昨夜、リズたちから聞いた言葉と、どこか同じ方向を向いているように感じた。
「……兄が、以前こちらへ来たことは聞いています」
僕は匙を置き、姿勢を正した。
「もし、そのことで不快な思いをされた方がいるのであれば、申し訳ありません」
「ち、違います!」
ミレアは慌てて首を振った。
「ユキア様に何かされたわけではありませんし、その……ユキア様が謝られるようなことでは……」
「なら、よかったです」
よかった、と言い切っていいかは分からない。
けれど、ここで何があったのかを問い詰めるつもりもなかった。
「まあ、偉い家の人間と関わってりゃ、話が通じねえ奴に当たることもある」
ラウガが、まるで天気の話でもするように言った。
「ラウガさん、それを今、ユキア様の前で言って大丈夫なんですか……?」
「相手が貴族だろうが商人だろうが同じだ。好かれるために仕事してるわけじゃねえ。嫌われようが、困った時に真っ先に名が上がる。それが腕ってもんだ」
「それを言えてしまうのが、ラウガの困るところだよね」
フィンが苦笑し、それから僕へ向き直った。
「ただ、ここの当主殿は、好き嫌いで仕事相手を選ぶ方ではないと聞いているよ。役に立つかどうかを見る方だって」
「……それは、たしかに父様らしいですね」
褒められているのかどうかは微妙だった。
けれど、父にとっては役に立つかどうかがすべてだと言われても、僕には強く否定できないだろう。

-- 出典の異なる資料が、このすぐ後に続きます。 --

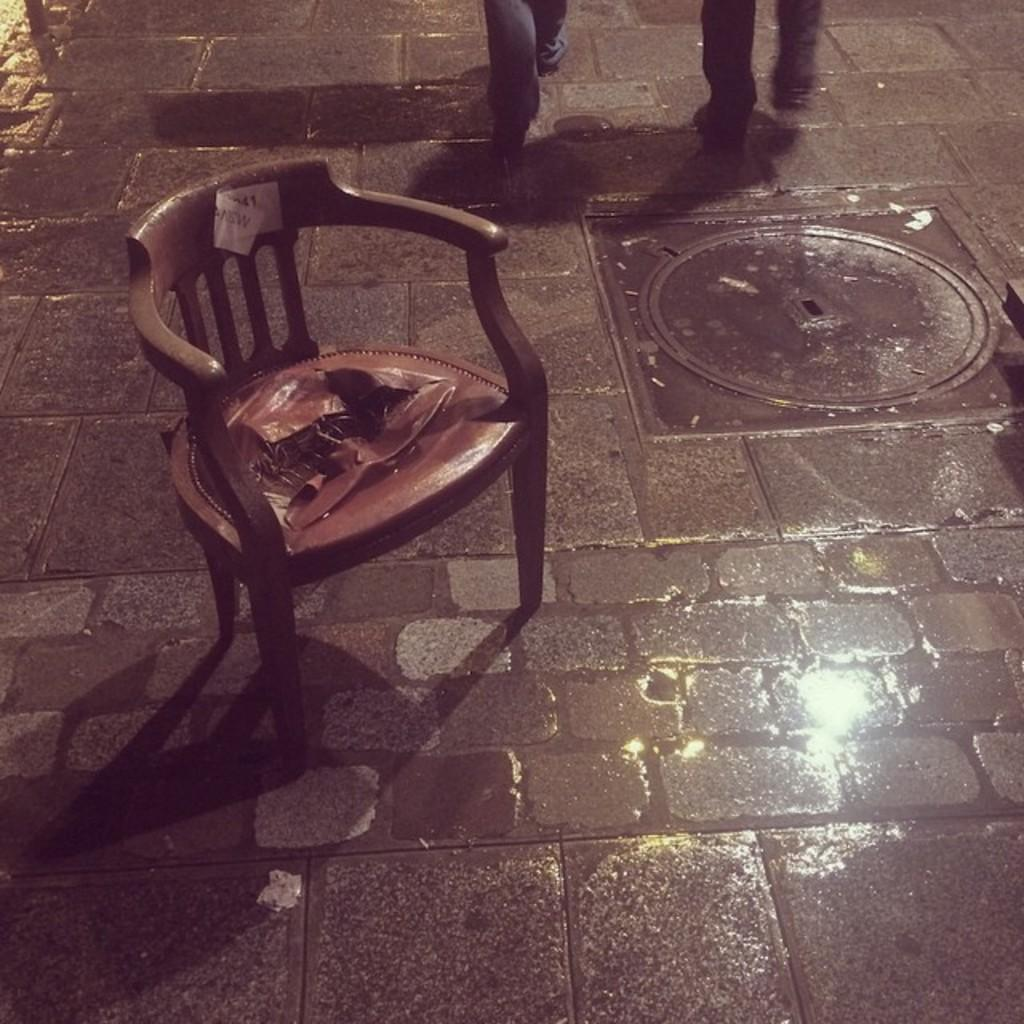What type of furniture is present in the image? There is a chair in the image. Where is the chair located? The chair is on the floor. What are the two people in the image doing? The two people are walking in the image. How can you tell that the people are walking? The people are exhibiting leg movement in the image. What type of boot is visible on the floor in the image? There is no boot present in the image. How many marbles are being held by the people in the image? There is no mention of marbles in the image; the people are walking and exhibiting leg movement.

僕がそう答えると、フィンは目を丸くした後、ふっと笑った。
「君、思ったより話しやすいね」
「そう言っていただけると助かります」
「ほらな。坊主は坊主だろうが」
「ラウガの説明の雑さが許されたわけではないからね」
卓の空気が、少しずつ柔らかくなっていった。
リズも、隣で小さく息を吐いたようだった。
「そういえば、坊主。爺さんのところでの稽古はどうだ」
食事が半ばまで進んだ頃、ラウガは唐突にそんなことを尋ねてきた。